Die Regelung in Teil A des Baulandbeschaffungsvertrages über den An- und Verkauf von Grundstücken steht mit der Ausgestaltung in Teil B des Vertrages als Erschließungs- oder modifizierter Erschließungsvertrag in untrennbarem Zusammenhang. Die von den Vertragsparteien angestrebte Durchführung der Erschließung durch die Klägerin als Erschließungsträgerin ist ohne den Erwerb und Weiterverkauf der Grundstücke nicht denkbar. Insbesondere sind die Kosten der Erschließung nach B.II.2 Nr. 1 des Baulandbeschaffungsvertrages Kosten der Erschließung nach A.II.2 Nr. 1 Buchst. d des Baulandbeschaffungsvertrages, die in den Grundstücksverkaufspreis eingehen und bei denen es sich nach B.II.2 Nr. 3 des Baulandverschaffungsvertrages um nach A.II. auf die Baugrundstücke zu verteilende Erschließungskosten handelt.
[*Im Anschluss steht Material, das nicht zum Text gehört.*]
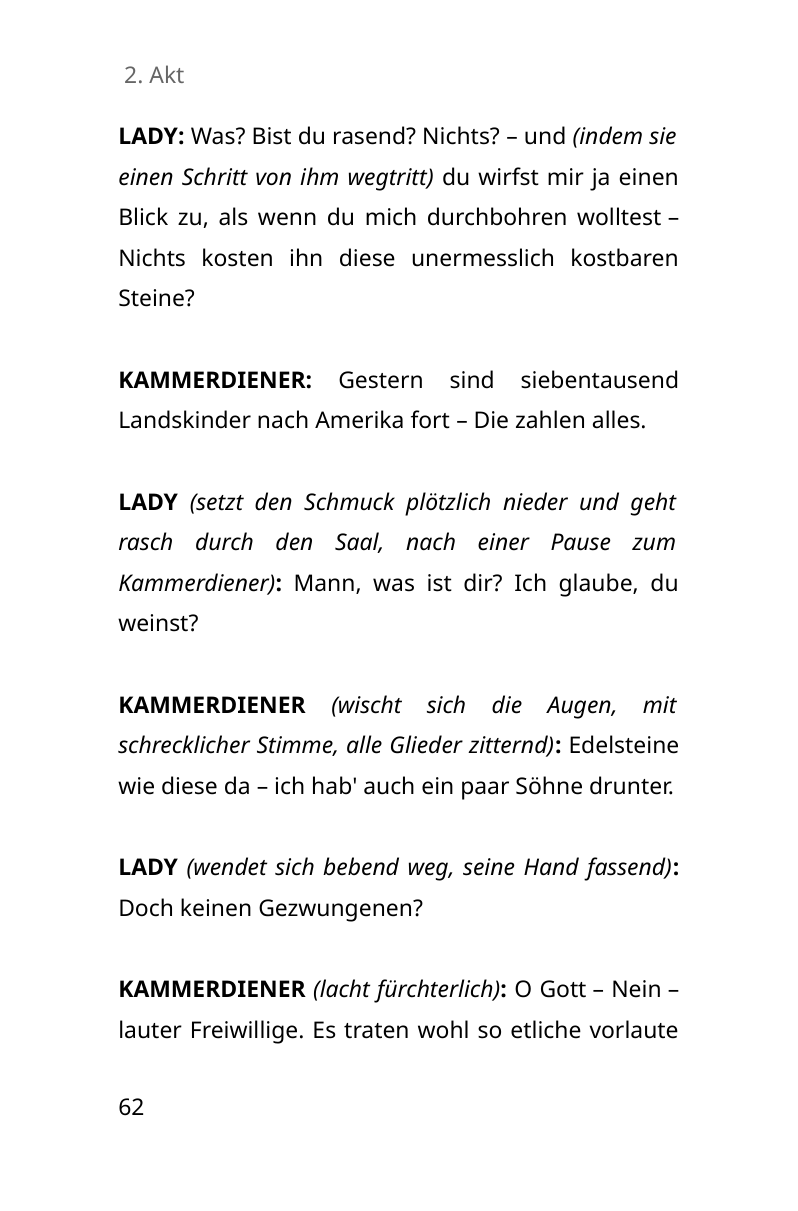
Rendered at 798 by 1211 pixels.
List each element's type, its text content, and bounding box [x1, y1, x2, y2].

text LADY (setzt den Schmuck plötzlich nieder und geht rasch durch den Saal, nach einer Pause zum Kammerdiener): Mann, was ist dir? Ich glaube, du weinst? [118, 457, 679, 638]
text LADY: Was? Bist du rasend? Nichts? – und (indem sie einen Schritt von ihm wegtritt) du wirfst mir ja einen Blick zu, als wenn du mich durchbohren wolltest – Nichts kosten ihn diese unermesslich kostbaren Steine? [118, 120, 679, 313]
text KAMMERDIENER (lacht fürchterlich): O Gott – Nein – lauter Freiwillige. Es traten wohl so etliche vorlaute [118, 944, 679, 1045]
text KAMMERDIENER: Gestern sind siebentausend Landskinder nach Amerika fort – Die zahlen alles. [118, 335, 679, 435]
text LADY (wendet sich bebend weg, seine Hand fassend): Doch keinen Gezwungenen? [118, 822, 679, 923]
text KAMMERDIENER (wischt sich die Augen, mit schrecklicher Stimme, alle Glieder zitternd): Edelsteine wie diese da – ich hab' auch ein paar Söhne drunter. [118, 660, 679, 801]
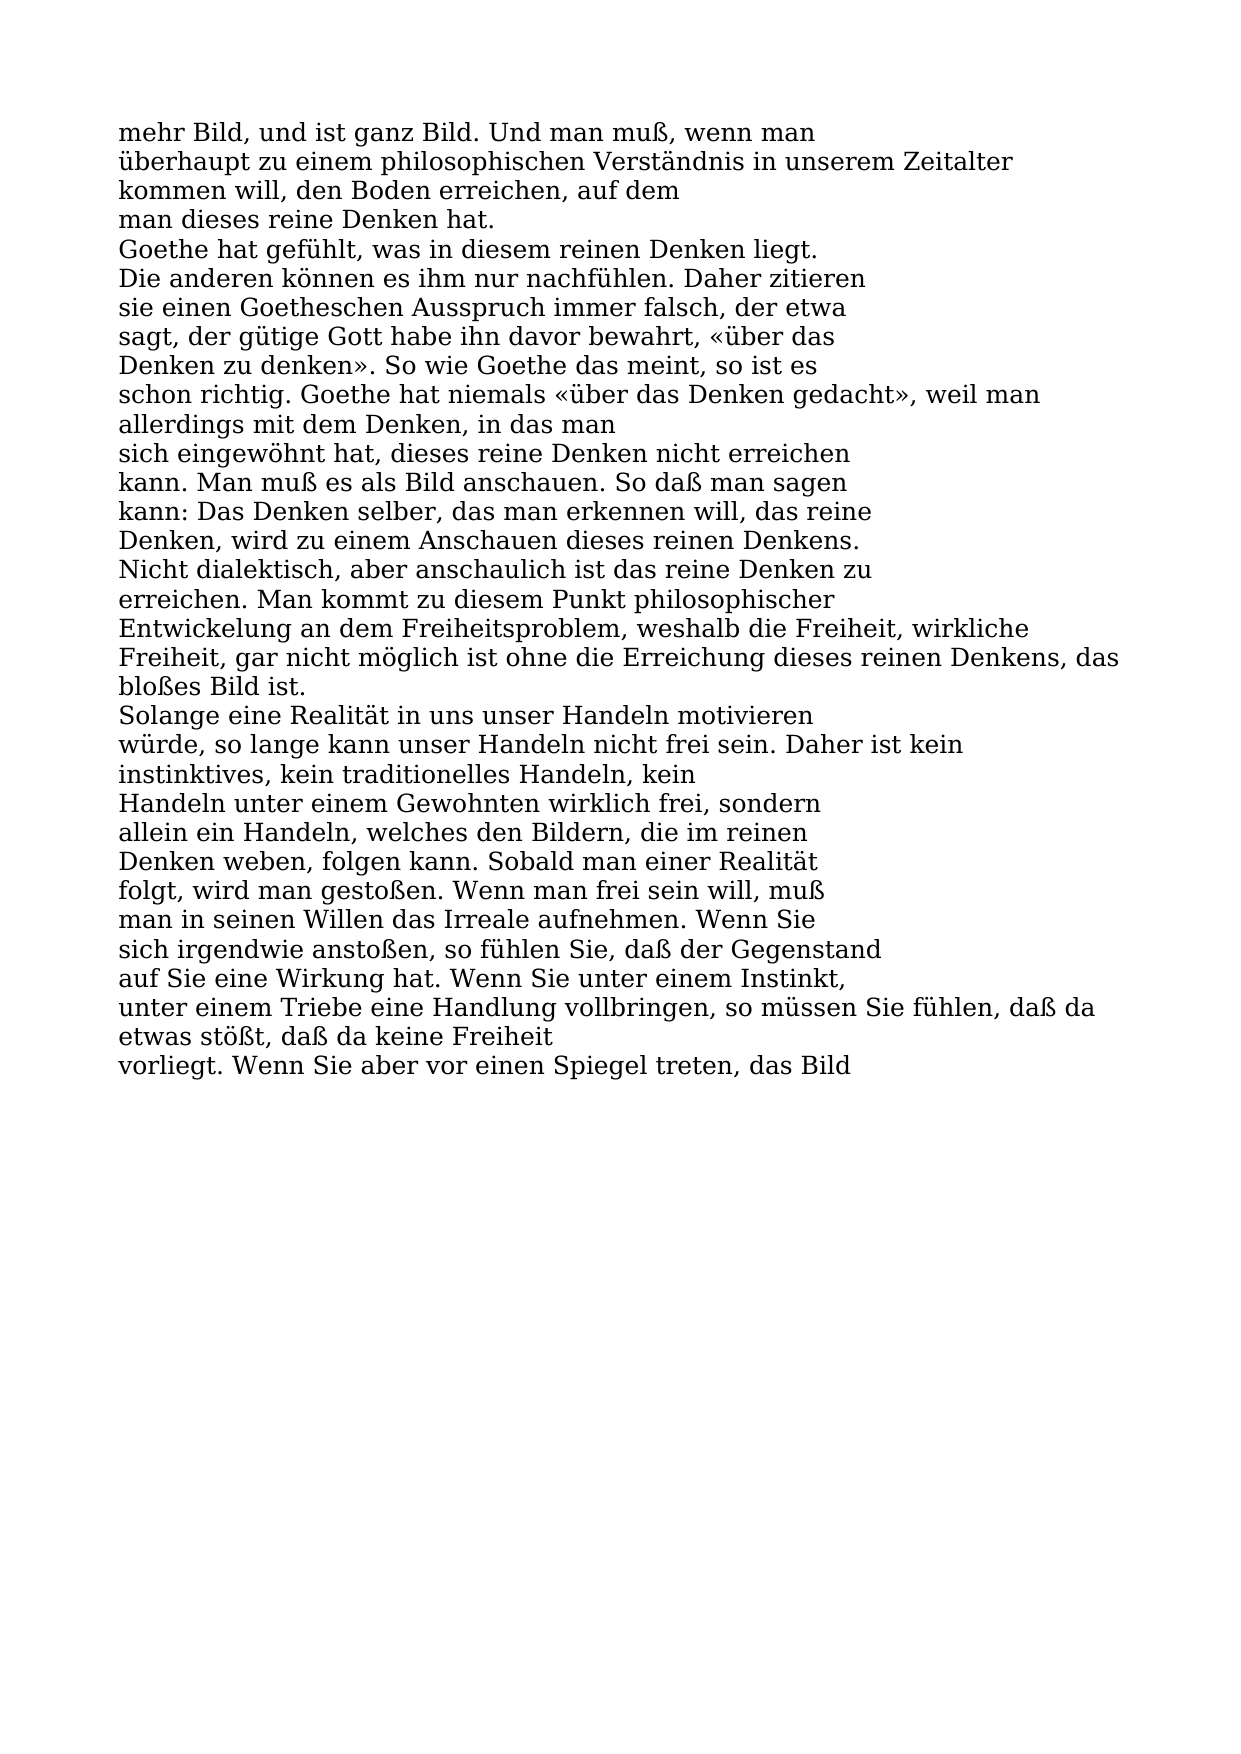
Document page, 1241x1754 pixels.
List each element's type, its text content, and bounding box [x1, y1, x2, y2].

text überhaupt zu einem philosophischen Verständnis in unserem Zeitalter kommen will, den Boden erreichen, auf dem [118, 147, 1122, 206]
text sich irgendwie anstoßen, so fühlen Sie, daß der Gegenstand [118, 935, 1122, 964]
text Nicht dialektisch, aber anschaulich ist das reine Denken zu [118, 556, 1122, 585]
text Goethe hat gefühlt, was in diesem reinen Denken liegt. [118, 235, 1122, 264]
text Denken, wird zu einem Anschauen dieses reinen Denkens. [118, 526, 1122, 556]
text man in seinen Willen das Irreale aufnehmen. Wenn Sie [118, 906, 1122, 935]
text kann. Man muß es als Bild anschauen. So daß man sagen [118, 468, 1122, 497]
text mehr Bild, und ist ganz Bild. Und man muß, wenn man [118, 118, 1122, 147]
text Die anderen können es ihm nur nachfühlen. Daher zitieren [118, 264, 1122, 293]
text würde, so lange kann unser Handeln nicht frei sein. Daher ist kein instinktives, kein traditionelles Handeln, kein [118, 731, 1122, 789]
text sie einen Goetheschen Ausspruch immer falsch, der etwa [118, 293, 1122, 322]
text Handeln unter einem Gewohnten wirklich frei, sondern [118, 789, 1122, 818]
text Denken weben, folgen kann. Sobald man einer Realität [118, 847, 1122, 876]
text auf Sie eine Wirkung hat. Wenn Sie unter einem Instinkt, [118, 964, 1122, 993]
text Denken zu denken». So wie Goethe das meint, so ist es [118, 351, 1122, 381]
text schon richtig. Goethe hat niemals «über das Denken gedacht», weil man allerdings mit dem Denken, in das man [118, 381, 1122, 439]
text allein ein Handeln, welches den Bildern, die im reinen [118, 818, 1122, 847]
text man dieses reine Denken hat. [118, 206, 1122, 235]
text sagt, der gütige Gott habe ihn davor bewahrt, «über das [118, 322, 1122, 351]
text Entwickelung an dem Freiheitsproblem, weshalb die Freiheit, wirkliche Freiheit, gar nicht möglich ist ohne die Erreichung dieses reinen Denkens, das bloßes Bild ist. [118, 614, 1122, 701]
text unter einem Triebe eine Handlung vollbringen, so müssen Sie fühlen, daß da etwas stößt, daß da keine Freiheit [118, 993, 1122, 1051]
text sich eingewöhnt hat, dieses reine Denken nicht erreichen [118, 439, 1122, 468]
text erreichen. Man kommt zu diesem Punkt philosophischer [118, 585, 1122, 614]
text Solange eine Realität in uns unser Handeln motivieren [118, 701, 1122, 731]
text vorliegt. Wenn Sie aber vor einen Spiegel treten, das Bild [118, 1051, 1122, 1081]
text kann: Das Denken selber, das man erkennen will, das reine [118, 497, 1122, 526]
text folgt, wird man gestoßen. Wenn man frei sein will, muß [118, 876, 1122, 906]
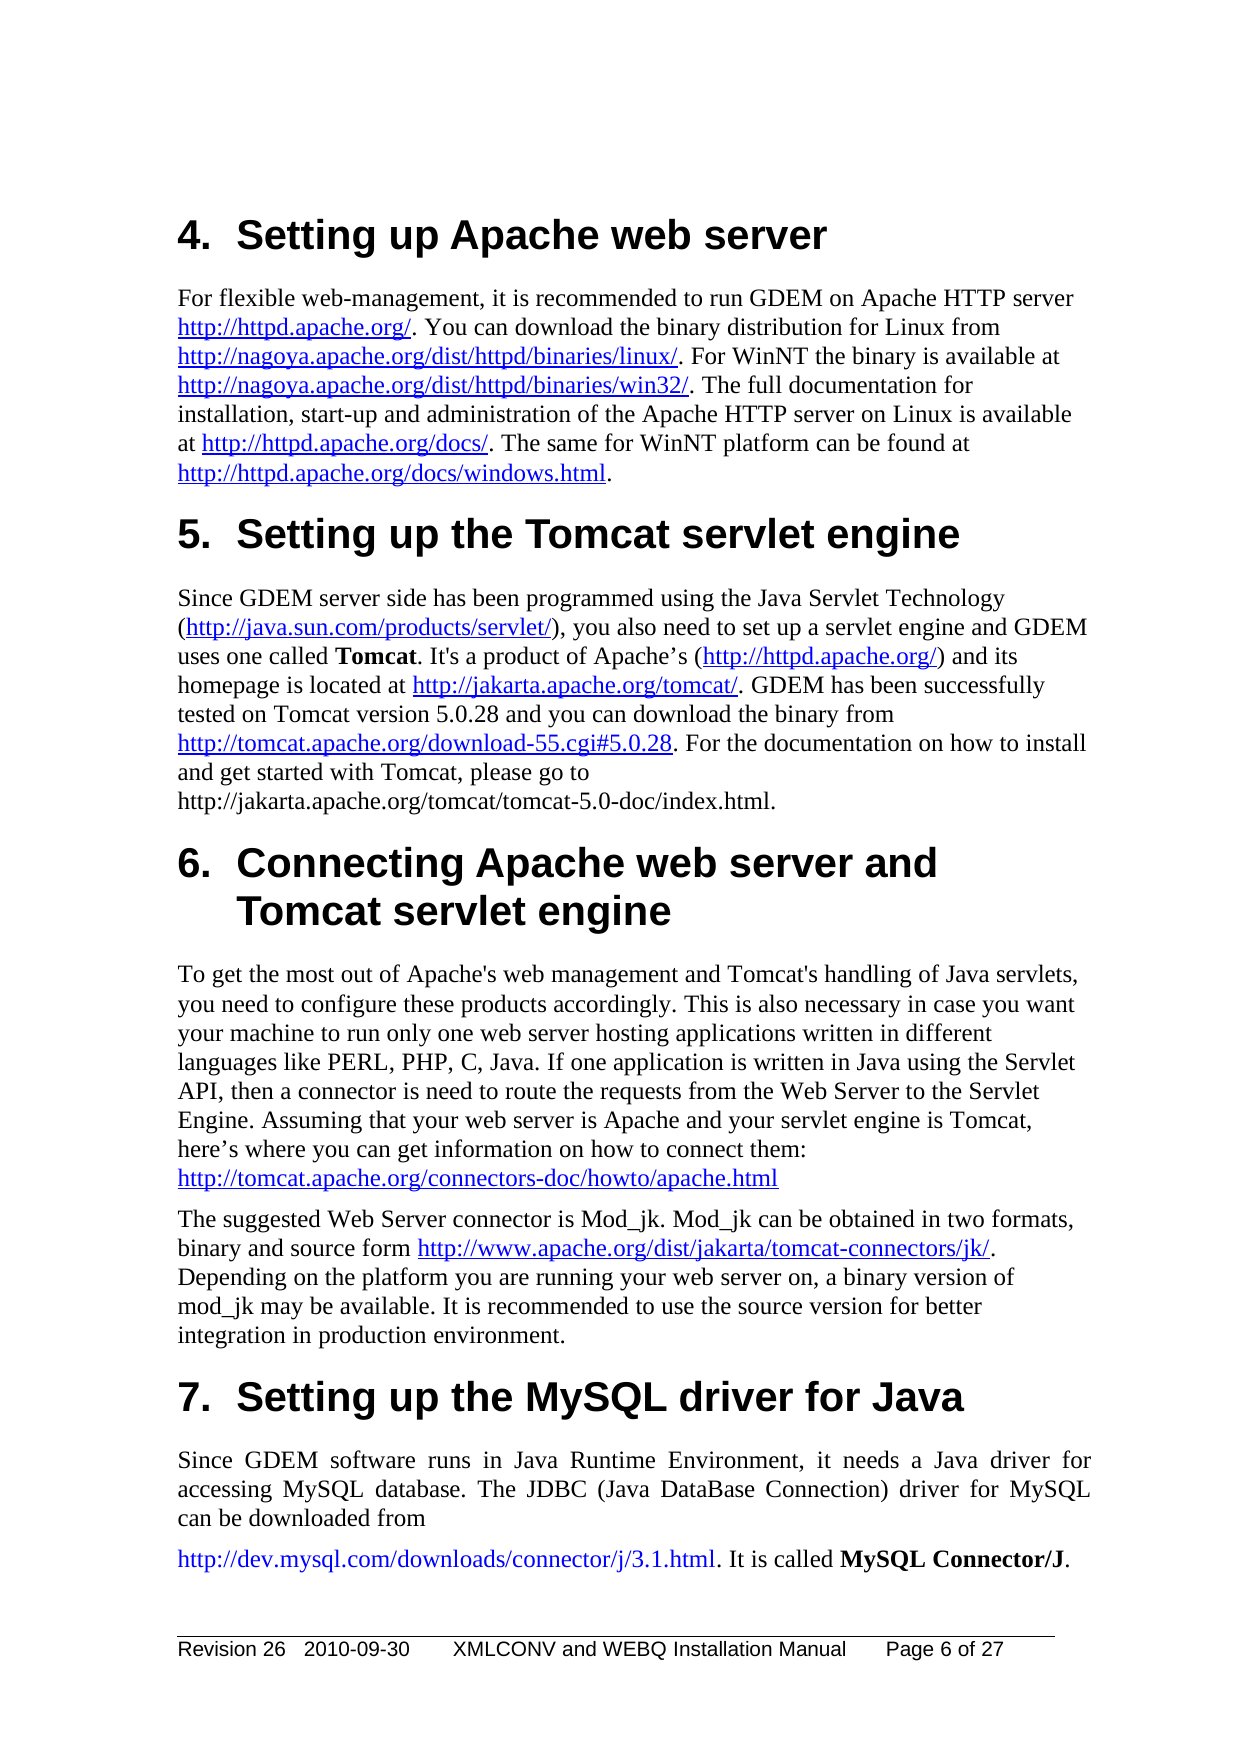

Dieser Zusammenhang spricht dafür, dass auch Abschnitt A des Baulandbeschaffungsvertrages den öffentlich-rechtlichen Charakter des den Schwerpunkt des Vertrages bildenden Abschnitts B über die Herstellung der Erschließungsanlagen und deren Finanzierung teilt und deshalb auch die Regelung in A.II.4 Satz 2 des Baulandbeschaffungsvertrages dem öffentlichen Recht angehört.